I've worn my wig (the normal, brown variety) to work the last two days.  I really didn't think I would wear it to work but the scarves/hats can be awfully distracting.  The scarves start to loosen as the day goes by so I'm constantly tugging at them.  The hats?  I wore one once and just felt stupid.  I'd never wear a hat at work on a normal day otherwise, so it felt really out of place.  I'd love to go all Yul Brenner, but with my rashy head, I don't want to scare people off or be uncomfortable because, yes, I'm self-conscious about my head rot.  So sue me.  Once it clears up and I'm smooth and shiny bald, oh, I'm so there.  You can count on it.  The wig has garnered quite a few "something's different and I can't quite place it..." looks.  I won't wear it all the time, but works right now.  It also keeps me from scratching as much, so there's that.
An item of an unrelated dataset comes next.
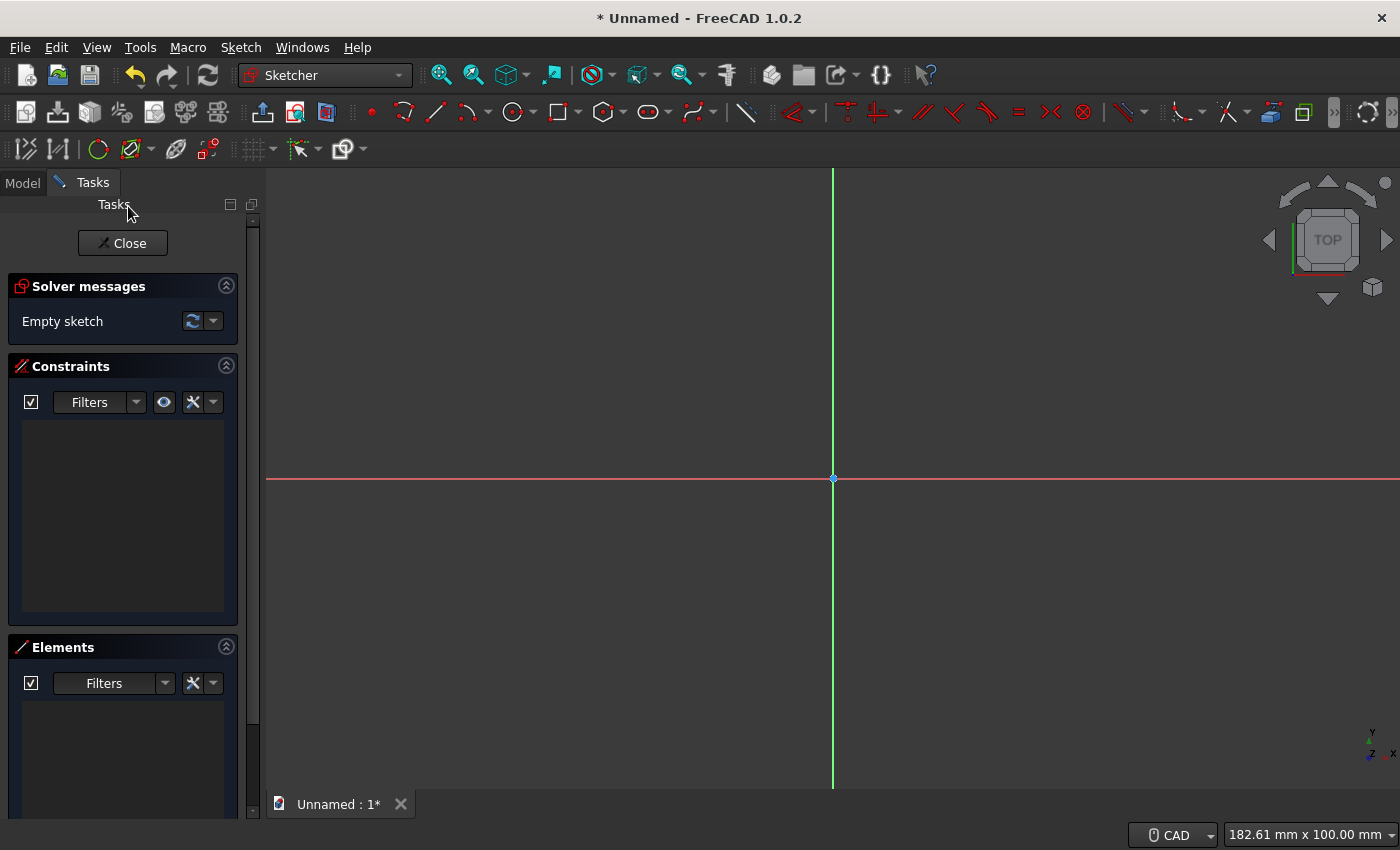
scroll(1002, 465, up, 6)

This Thursday is the 8th chemo treatment.  It will be my official halfway point with treatments.  I have 6 months' worth, but I have 16 treatments altogether.  (12 weekly and then 1 every 3 weeks for a total of 12 more weeks.)  I can do this.  It will get worse before I'm completely "well" but for crying out loud - I have a whole lot of living to do.  I haven't been to Paris or driven an old school muscle car or won big in the lottery or swung on a stripper pole.  Okay, I realize that some of those may be unrealistic... Like winning the lottery.  A girl can dream, though, right?

Thank you for all of your love and support.  Thanks for being amused by my story.  Someone else told me today that I inspired her to get a mammogram.  That, my friends, is what this is all about.

And with that... peace out.


2 comments:

  1. When you can write something like "Pass the gravy, Mama needs some new hooters" I can say with utmost certainty that you are hilarious, and awesome, and kicking ass even when you feel like shit. What would Rosie the Riveter do? She'd kick ass and wear a pink wig.